We do know that the tipping point of conversion came for Matthew when Jesus met him where he was—in the act of sinning against the Jewish people collecting taxes. When Jesus met Matthew where he was, he didn’t say, “Stay as you are.” Jesus said, “Follow me.” Follow me meant leave his post, leave his status, and become an “intentional disciple.”
Intentional Disciples
Sherry Weddell wrote a book popular in Catholic circles a few years ago, Forming Intentional Disciples. I heard Sherry talk about her book. She said that while she had been talking about conversion in her work with identifying charisms for years, nobody paid much attention to her until she stopped talking about being a disciple and started talking about becoming an “intentional disciple”—one who deliberately chooses to follow Jesus—one step at a time, beginning where they are (no matter where that is).

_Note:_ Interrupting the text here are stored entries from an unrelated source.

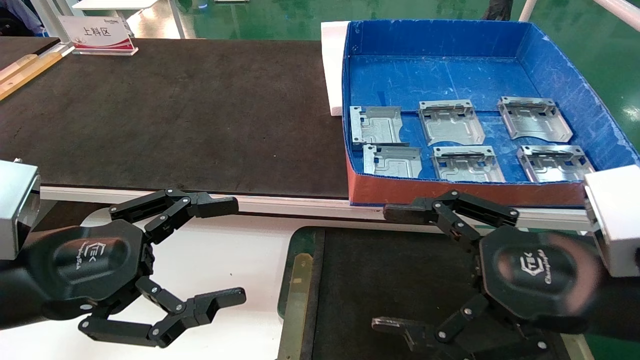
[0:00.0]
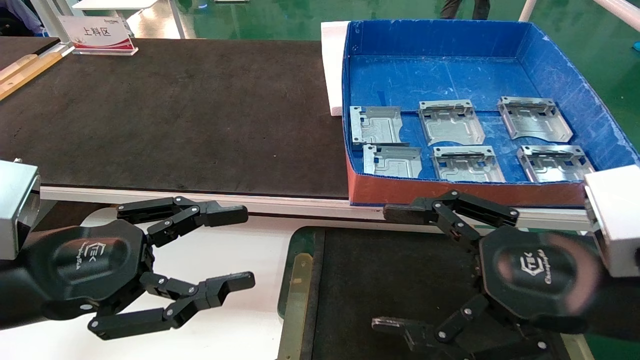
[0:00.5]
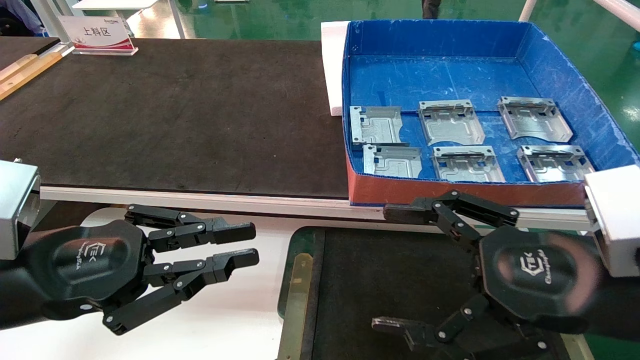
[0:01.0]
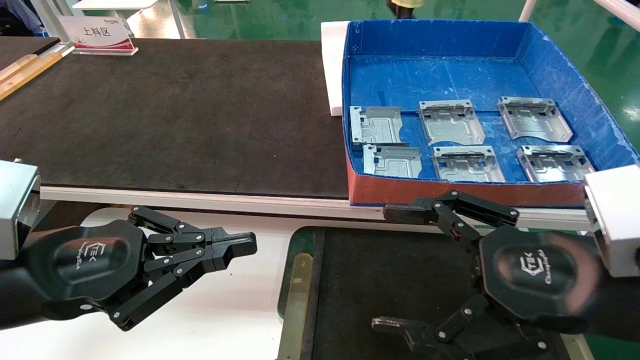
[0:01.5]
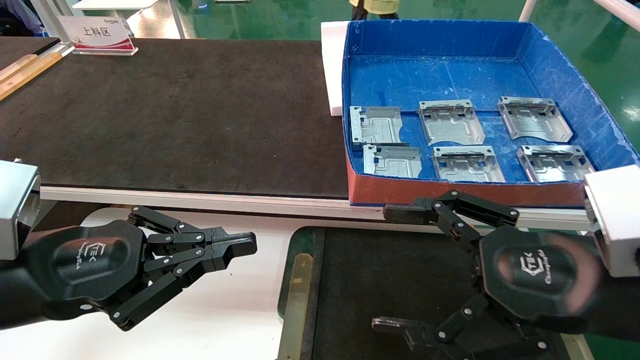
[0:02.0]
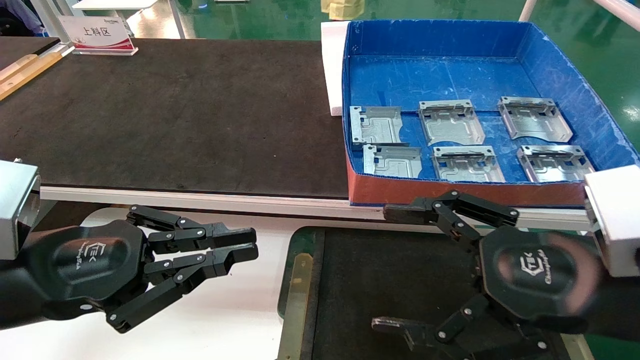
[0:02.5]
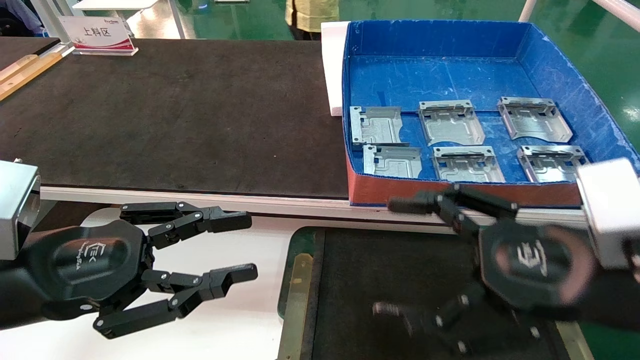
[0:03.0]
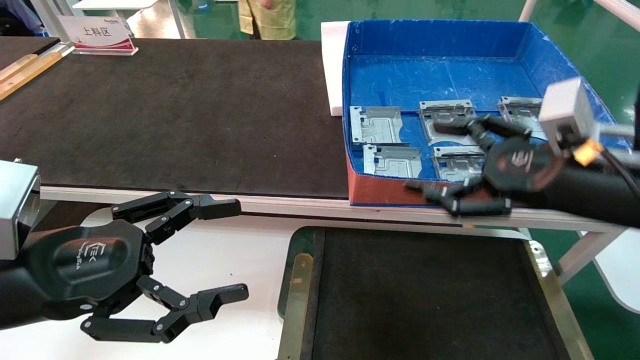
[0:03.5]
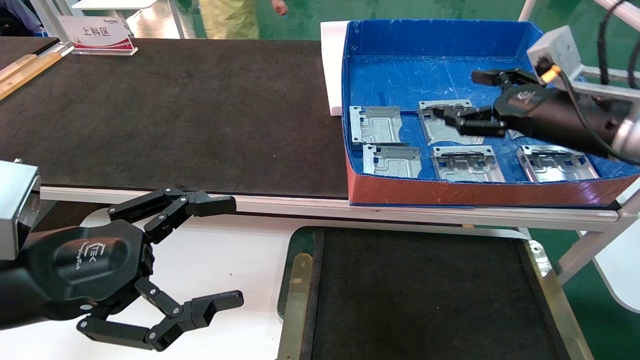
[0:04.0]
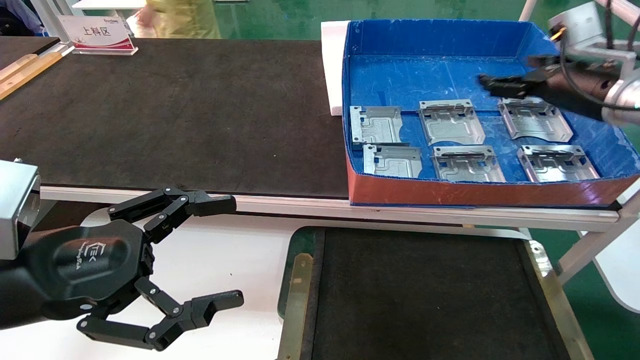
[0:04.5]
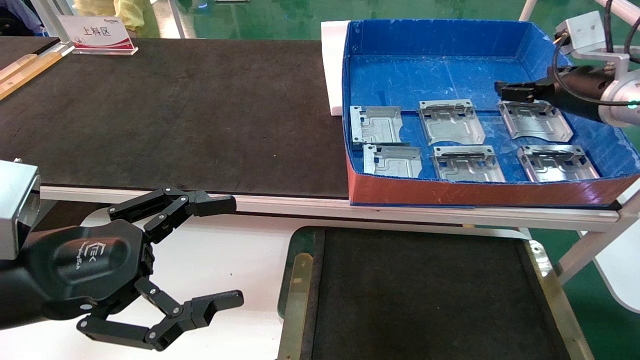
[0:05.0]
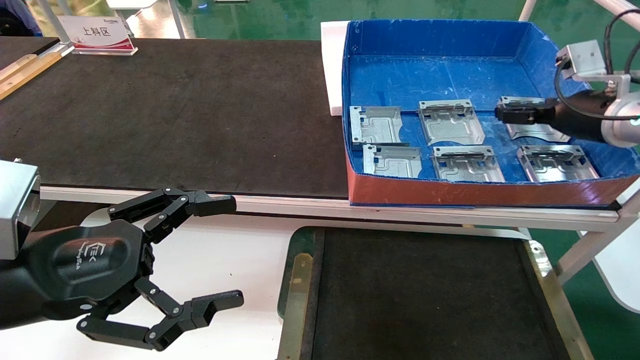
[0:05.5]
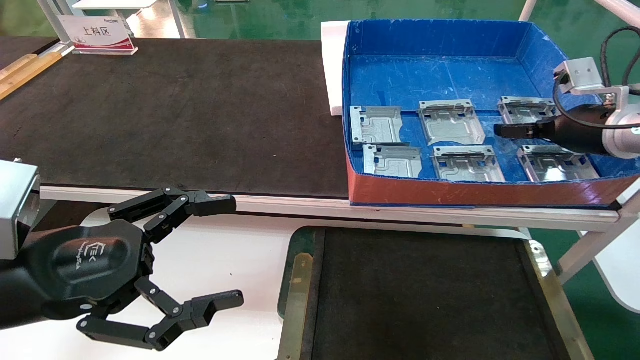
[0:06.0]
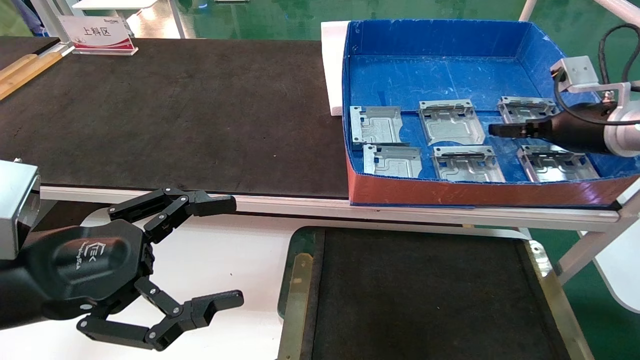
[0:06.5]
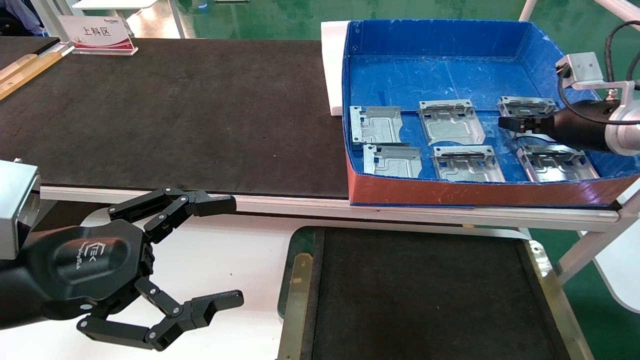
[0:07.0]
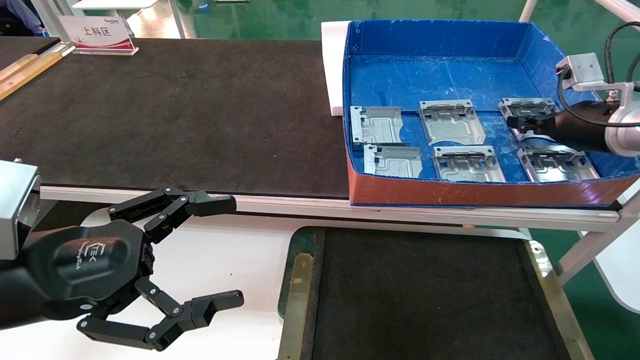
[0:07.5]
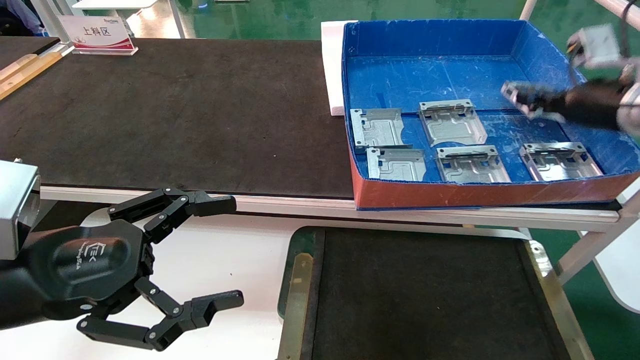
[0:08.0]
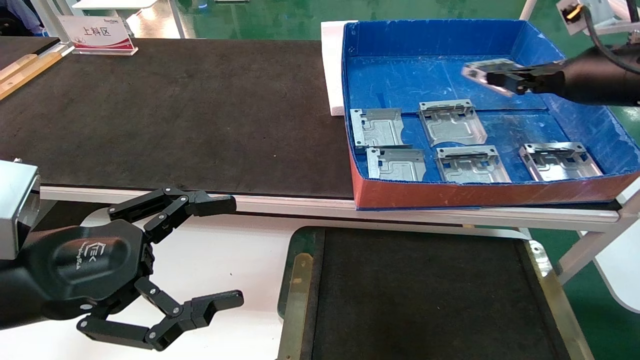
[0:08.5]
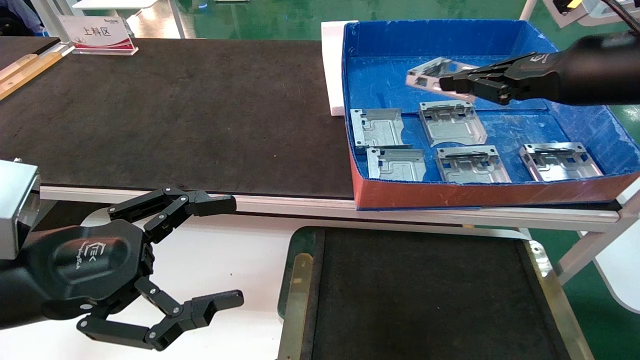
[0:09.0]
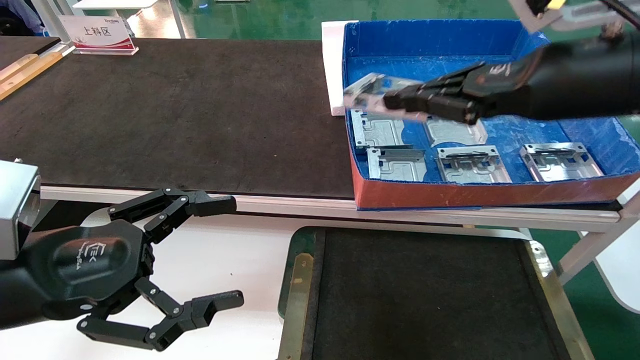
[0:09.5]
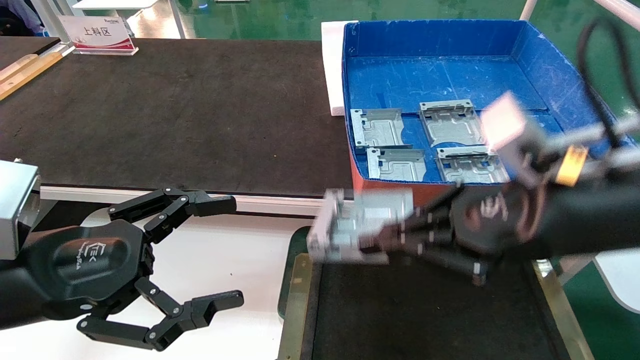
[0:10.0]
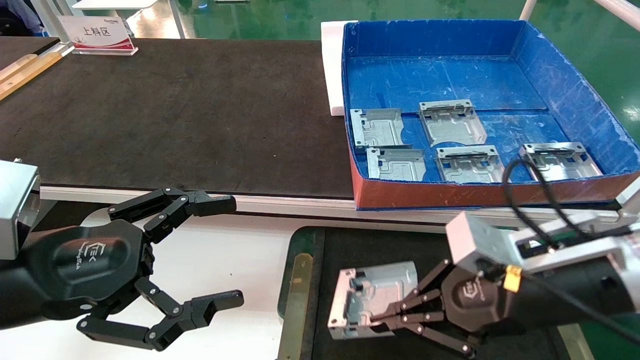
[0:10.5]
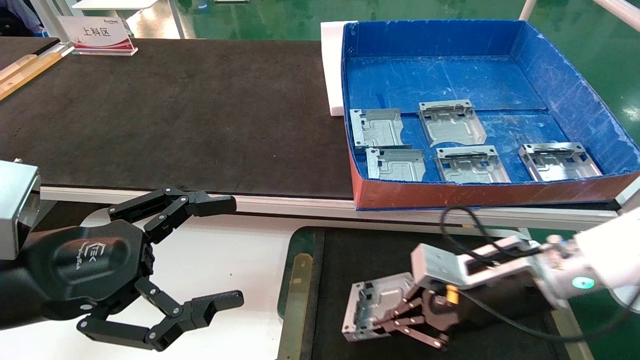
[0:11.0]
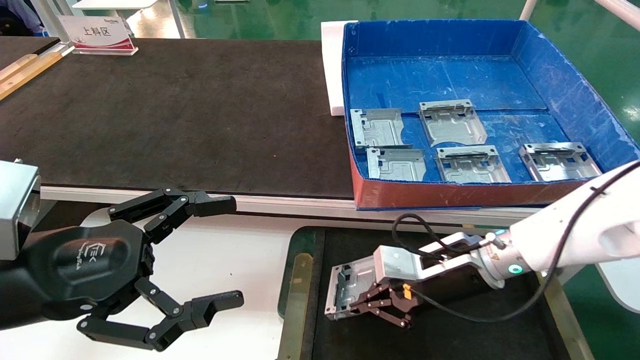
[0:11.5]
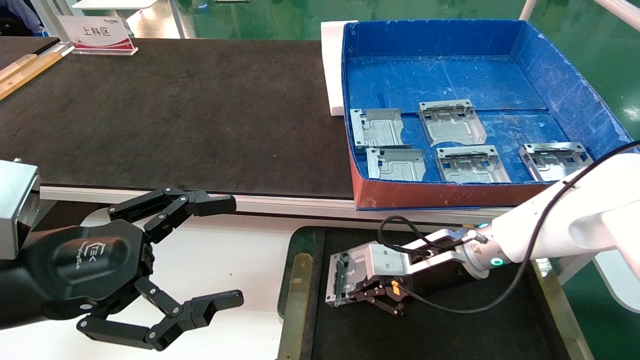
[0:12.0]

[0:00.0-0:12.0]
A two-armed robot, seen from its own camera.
Task of the whole recording: pick up parts and place them into a black container.
Step, 0:03.5 to 0:07.5: Pick up the hard drive bracket from the feeding area.
0:00.0 to 0:02.0: The left gripper closes its fingers.
0:02.0 to 0:04.0: The right gripper is displaced forward, to the right and upward by approximately 20 cm; the left gripper opens its fingers.
0:04.0 to 0:06.0: The right gripper heads forward and to the right, covering some 10 cm.
0:06.0 to 0:08.0: The right gripper closes its fingers.
0:08.0 to 0:10.0: The right gripper heads backward and to the left, covering approximately 25 cm.
0:10.0 to 0:12.0: The right gripper is displaced forward and downward by roughly 20 cm.

We Catholics see conversion as a repetitive process—a process of God moving us closer to him in multiple invitations to “Follow me.” For me there were big points of conversion at ages 12, 20, 49, and 62. There have been many, many small conversions, too, as homilies, reading, witness of friends and prayer helped me follow Jesus one step at a time–always beginning with where I am and then bidding me to follow.

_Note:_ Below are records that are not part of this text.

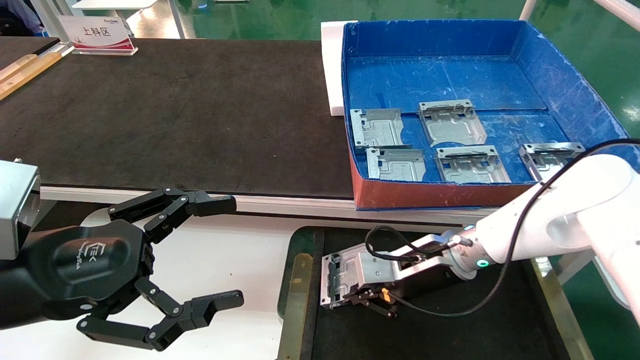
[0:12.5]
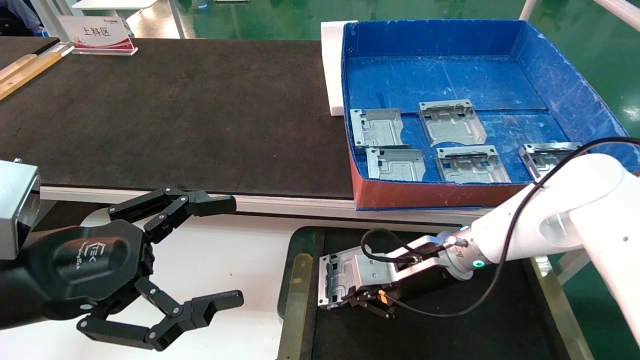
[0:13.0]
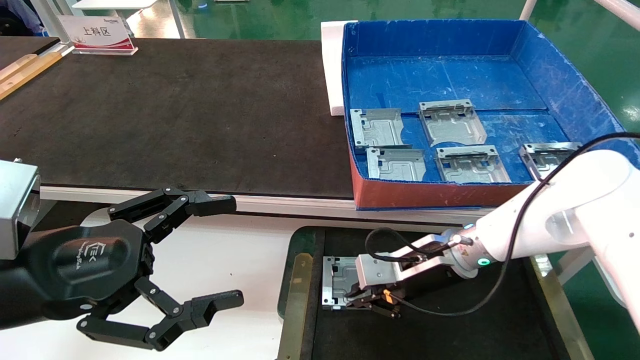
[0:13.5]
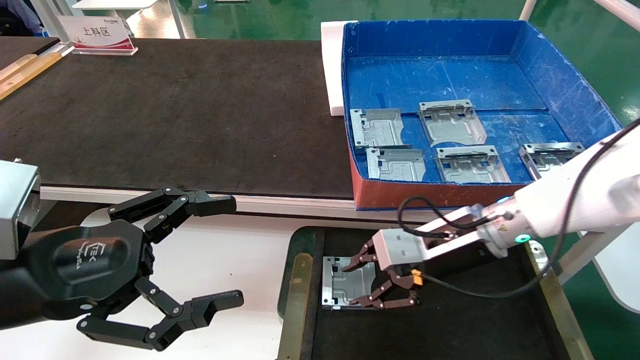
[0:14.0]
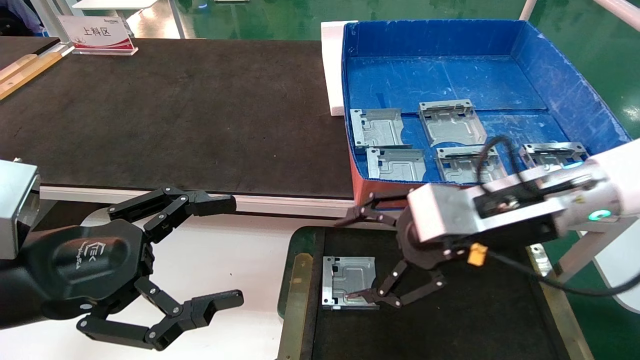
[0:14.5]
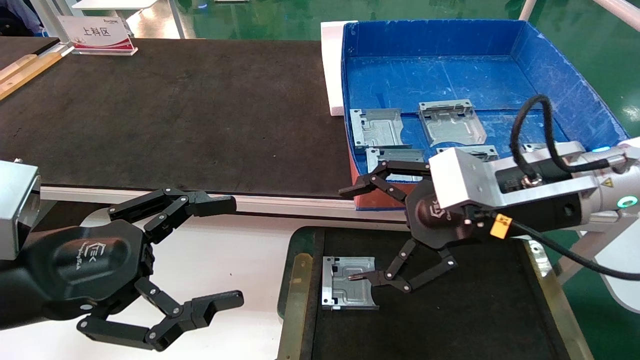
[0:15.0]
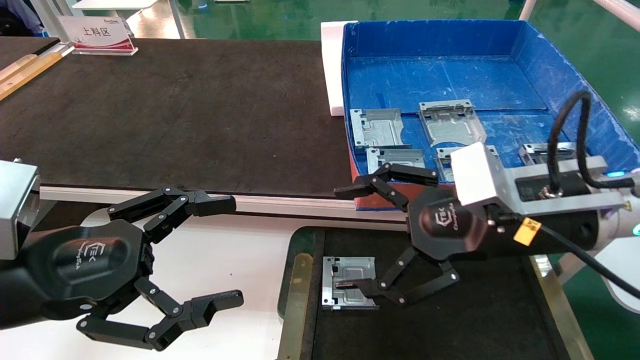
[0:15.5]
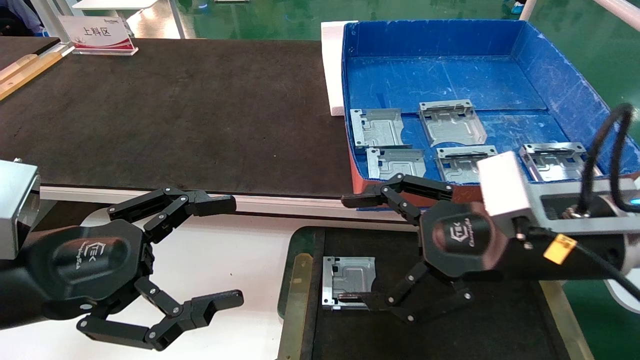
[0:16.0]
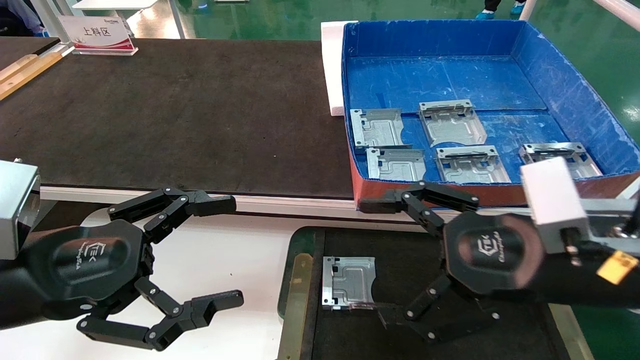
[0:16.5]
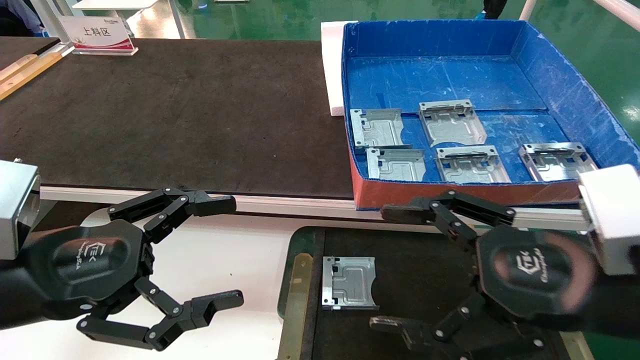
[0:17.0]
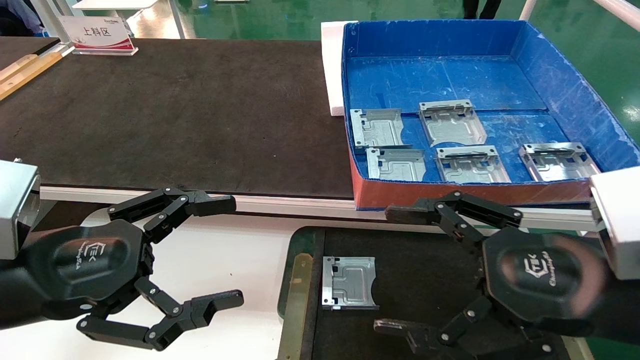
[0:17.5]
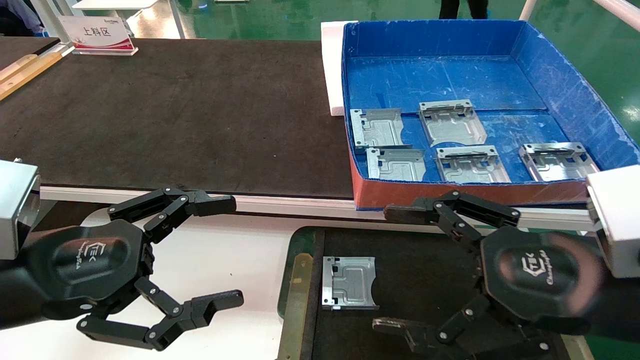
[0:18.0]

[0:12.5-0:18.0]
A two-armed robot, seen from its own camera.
Task of the whole recording: pick up parts and place them into a black container.
0:12.5 to 0:14.5: The right gripper shifts roughly 15 cm upward and backward, and opens up.
0:14.5 to 0:16.0: The right gripper is displaced backward by about 5 cm.
0:16.0 to 0:18.0: The right gripper moves backward, roughly 5 cm.

I suspect that Matthew was a piece of work for Jesus. He was converted one step at a time—just like me. Maybe just like many of us.
Kingdom of God
In the past couple of years, I have grown to love Matthew’s Gospel. I love it because it is the Gospel of the Kingdom of God. I read the Sermon on the Mount again and again because it tells me practical ways to respond with a “yes” to Jesus saying: “Follow me.” I read the stories of healings and teachings as ways that Jesus was not only describing the Kingdom of God—but as ways that he was building the Kingdom of God—one step, one sinner at a time.
Bible translations differ as to whether they say “Kingdom of Heaven” or “Kingdom of God.” I prefer Kingdom of God because Kingdom of Heaven implies that the behaviors Jesus describes in the Gospel of Matthew are behaviors for Heaven—for life after death. That thought can lead to a sense that what Jesus says in the Sermon on the Mount that Matthew wrote down is for saints and heaven—not for intentional disciples here and now.

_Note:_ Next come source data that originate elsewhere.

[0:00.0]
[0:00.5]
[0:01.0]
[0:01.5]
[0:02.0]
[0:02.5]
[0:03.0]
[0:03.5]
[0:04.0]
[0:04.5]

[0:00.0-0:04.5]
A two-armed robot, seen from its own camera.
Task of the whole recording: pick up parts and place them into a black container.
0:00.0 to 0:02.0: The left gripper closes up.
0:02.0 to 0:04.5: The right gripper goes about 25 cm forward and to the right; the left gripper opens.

But that is not what Matthew says. Matthew tells us that Jesus is saying to us here and now, “Build a world that runs like God wants it to run by doing these ordinary (though often difficult) things NOW. “ Time and time again in Matthew we hear, “The Kingdom of God is like….” He gives us metaphors and similes to give us a picture. But then Matthew quotes Jesus as saying, “You have heard it said…but I say…” Matthew also tells us what to change to follow Jesus more closely. He gives us a logic.
Modern research says that for us humans to change and do something new we must have a picture of it in our minds and must have a logic for it that we can put into a simple sentence. Matthew, who took a while to be converted, gives us both pictures and words. His pictures and words help me much.
I am glad it took Matthew a while to be ready to answer to “Follow me.” In his struggles he left us detailed descriptions of what Jesus said and did, as well as the example of how he did it. Matthew was a tax collector turned intentional disciple turned writer who eventually became apostle and saint—one step at a time.
Prayer
Lord, You know me. You know I am a one-step-at-a-time intentional disciple. These days it is easy for me to see myself as Matthew standing in the crowd, listening, thinking, trying to see how I can live this whole Gospel You preach—a Gospel of objective moral standards (the 10 Commandments) and active engagement with the world (Catholic social teaching) through grace in more complete ways. Keep pulling at me, Lord, keep preaching to me every way You can. And, soon, Lord, stop by my post and say, “The time is now for a deeper, new conversion. Follow me.”